With a biopsy result that suggests an increased risk of prostate cancer in the future, some physicians may recommend getting a PSA test in three to six months, but again, this will vary. With prostate cancer, the frequency of testing will depend on the Gleason score, treatments, and more.

A Word From Verywell

Scheduling and then receiving the results of a prostate biopsy can cause a tremendous amount of anxiety, especially with prostate cancer being the most commonly diagnosed cancer in men. Taking time to educate yourself about both the diagnosis and treatment of prostate cancer can help you feel more in control, and is even more important amidst the controversy surrounding options. Being your own advocate can begin with discussing diagnostic concerns such as the difference between and random and targeted biopsies, as well as the best options for pain control during the biopsy.

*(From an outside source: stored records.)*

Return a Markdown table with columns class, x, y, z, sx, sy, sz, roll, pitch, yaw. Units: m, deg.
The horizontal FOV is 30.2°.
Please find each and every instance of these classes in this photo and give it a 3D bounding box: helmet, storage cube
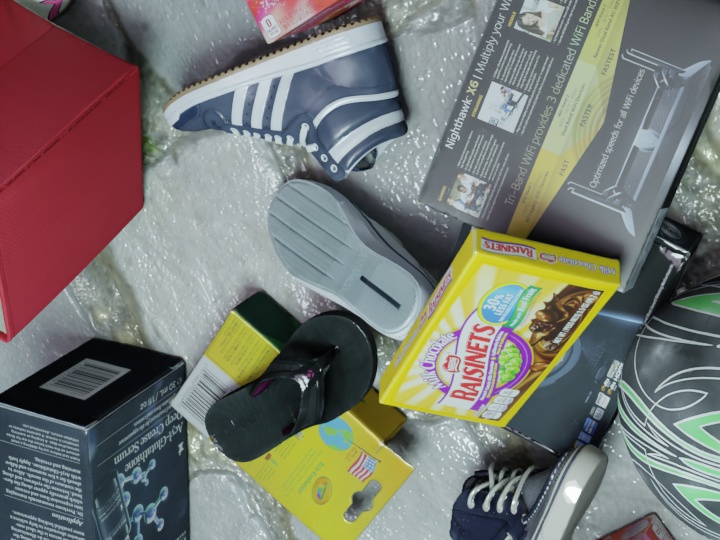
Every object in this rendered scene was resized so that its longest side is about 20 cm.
| class | x | y | z | sx | sy | sz | roll | pitch | yaw |
| --- | --- | --- | --- | --- | --- | --- | --- | --- | --- |
| helmet | 0.268 | 0.092 | 0.869 | 0.190 | 0.200 | 0.200 | -3 | 110 | -3 |
| storage cube | -0.294 | -0.088 | 1.062 | 0.171 | 0.180 | 0.200 | 29 | 145 | 15 |

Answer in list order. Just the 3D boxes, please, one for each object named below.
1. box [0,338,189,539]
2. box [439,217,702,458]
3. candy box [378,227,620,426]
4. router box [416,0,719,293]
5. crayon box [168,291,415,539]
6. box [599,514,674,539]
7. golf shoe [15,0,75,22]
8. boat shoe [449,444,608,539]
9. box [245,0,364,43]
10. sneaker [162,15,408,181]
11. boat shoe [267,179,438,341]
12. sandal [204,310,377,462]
| class | x | y | z | sx | sy | sz | roll | pitch | yaw |
| --- | --- | --- | --- | --- | --- | --- | --- | --- | --- |
| box | -0.236 | 0.185 | 1.185 | 0.107 | 0.148 | 0.200 | 12 | 114 | 23 |
| box | 0.139 | 0.028 | 0.994 | 0.160 | 0.044 | 0.200 | 28 | 119 | 15 |
| candy box | 0.090 | 0.045 | 0.917 | 0.102 | 0.026 | 0.200 | 14 | 143 | -10 |
| router box | 0.149 | -0.107 | 0.900 | 0.157 | 0.052 | 0.200 | 25 | 102 | 16 |
| crayon box | -0.052 | 0.130 | 1.127 | 0.200 | 0.051 | 0.127 | 42 | 122 | 8 |
| box | 0.233 | 0.306 | 1.019 | 0.095 | 0.103 | 0.200 | -35 | 92 | 33 |
| golf shoe | -0.250 | -0.256 | 1.056 | 0.200 | 0.092 | 0.073 | -38 | 91 | 34 |
| boat shoe | 0.120 | 0.177 | 1.015 | 0.093 | 0.075 | 0.200 | 32 | 144 | 16 |
| box | 0.005 | -0.251 | 0.923 | 0.200 | 0.095 | 0.100 | -25 | 96 | 32 |
| sneaker | -0.056 | -0.113 | 1.024 | 0.200 | 0.070 | 0.109 | -16 | 99 | 28 |
| boat shoe | 0.000 | 0.000 | 1.025 | 0.074 | 0.067 | 0.200 | -53 | 47 | 11 |
| sandal | -0.058 | 0.103 | 1.055 | 0.075 | 0.048 | 0.200 | 49 | 127 | 0 |
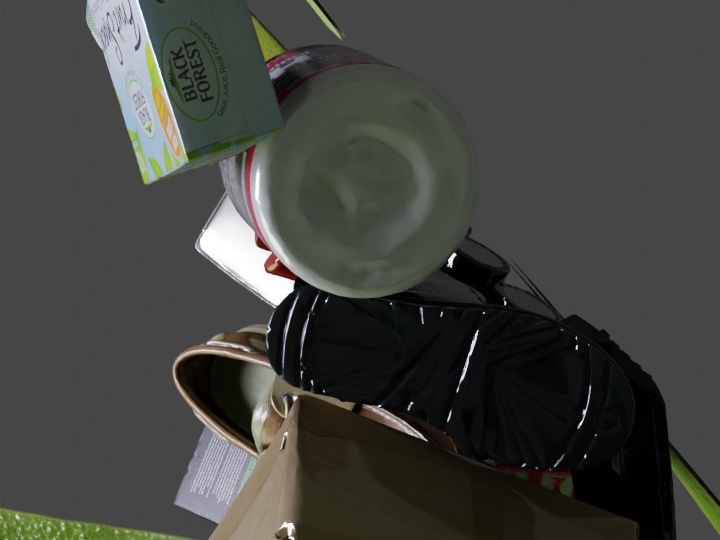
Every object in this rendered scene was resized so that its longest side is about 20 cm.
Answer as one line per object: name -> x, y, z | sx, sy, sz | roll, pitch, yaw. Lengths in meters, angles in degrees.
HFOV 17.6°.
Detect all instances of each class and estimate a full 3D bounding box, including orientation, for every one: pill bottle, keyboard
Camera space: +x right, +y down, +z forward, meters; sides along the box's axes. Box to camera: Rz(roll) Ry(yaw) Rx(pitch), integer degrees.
pill bottle -> -0.013, -0.056, 1.172 | 0.111, 0.110, 0.200 | 51, 178, -14
keyboard -> 0.140, 0.081, 1.256 | 0.104, 0.040, 0.201 | 39, 159, 28

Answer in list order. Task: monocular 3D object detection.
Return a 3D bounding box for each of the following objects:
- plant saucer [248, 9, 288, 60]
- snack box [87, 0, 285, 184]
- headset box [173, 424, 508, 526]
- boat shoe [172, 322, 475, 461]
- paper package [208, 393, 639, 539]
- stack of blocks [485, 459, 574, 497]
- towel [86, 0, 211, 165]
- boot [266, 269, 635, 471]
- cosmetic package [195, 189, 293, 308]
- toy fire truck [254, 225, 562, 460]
plant saucer -> -0.067, -0.131, 1.628 | 0.200, 0.048, 0.200 | 45, 180, -19
snack box -> -0.098, -0.147, 1.060 | 0.142, 0.053, 0.202 | 172, 80, -78
headset box -> 0.026, 0.146, 1.350 | 0.199, 0.093, 0.174 | 18, 172, 41
boat shoe -> -0.026, 0.086, 1.242 | 0.073, 0.076, 0.199 | -1, -164, -44
paper package -> 0.016, 0.182, 1.163 | 0.199, 0.191, 0.104 | 21, -138, -14
stack of blocks -> 0.087, 0.098, 1.528 | 0.058, 0.116, 0.200 | 7, -167, -15
towel -> -0.114, -0.169, 1.201 | 0.149, 0.030, 0.201 | 53, 153, 38
boot -> 0.046, 0.040, 1.189 | 0.196, 0.074, 0.162 | 13, -173, 6
cosmetic package -> -0.024, -0.012, 1.705 | 0.103, 0.088, 0.200 | 36, -175, 24
toy fire truck -> 0.000, 0.000, 1.340 | 0.199, 0.129, 0.176 | 16, -160, -35
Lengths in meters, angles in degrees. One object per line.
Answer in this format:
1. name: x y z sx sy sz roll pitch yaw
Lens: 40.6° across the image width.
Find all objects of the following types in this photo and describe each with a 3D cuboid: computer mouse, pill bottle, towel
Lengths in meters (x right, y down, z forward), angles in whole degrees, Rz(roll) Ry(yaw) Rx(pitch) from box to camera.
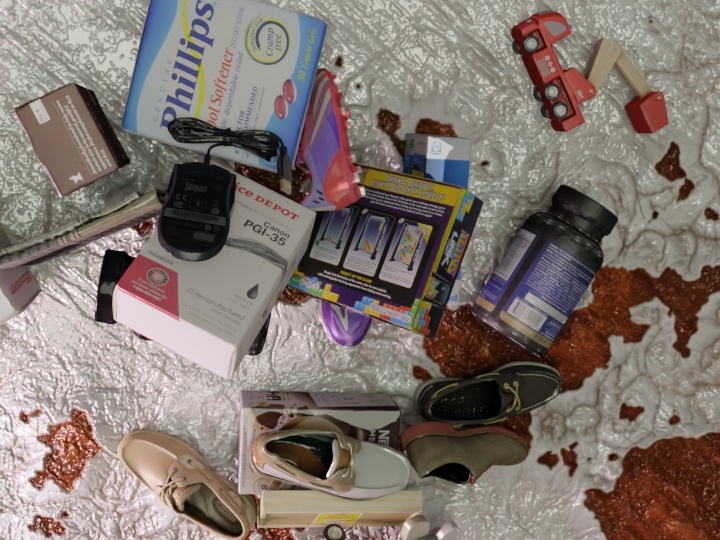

Finding an experienced physician is just as important as choosing the best treatment if your biopsy shows cancer, and getting a second opinion—even if you are comfortable with a proposed treatment plan—is not only encouraged, but expected. Seeking out an opinion at a National Cancer Institute-designated cancer center can help ensure you have the opportunity to talk with physicians who are familiar with the latest advances in treatment.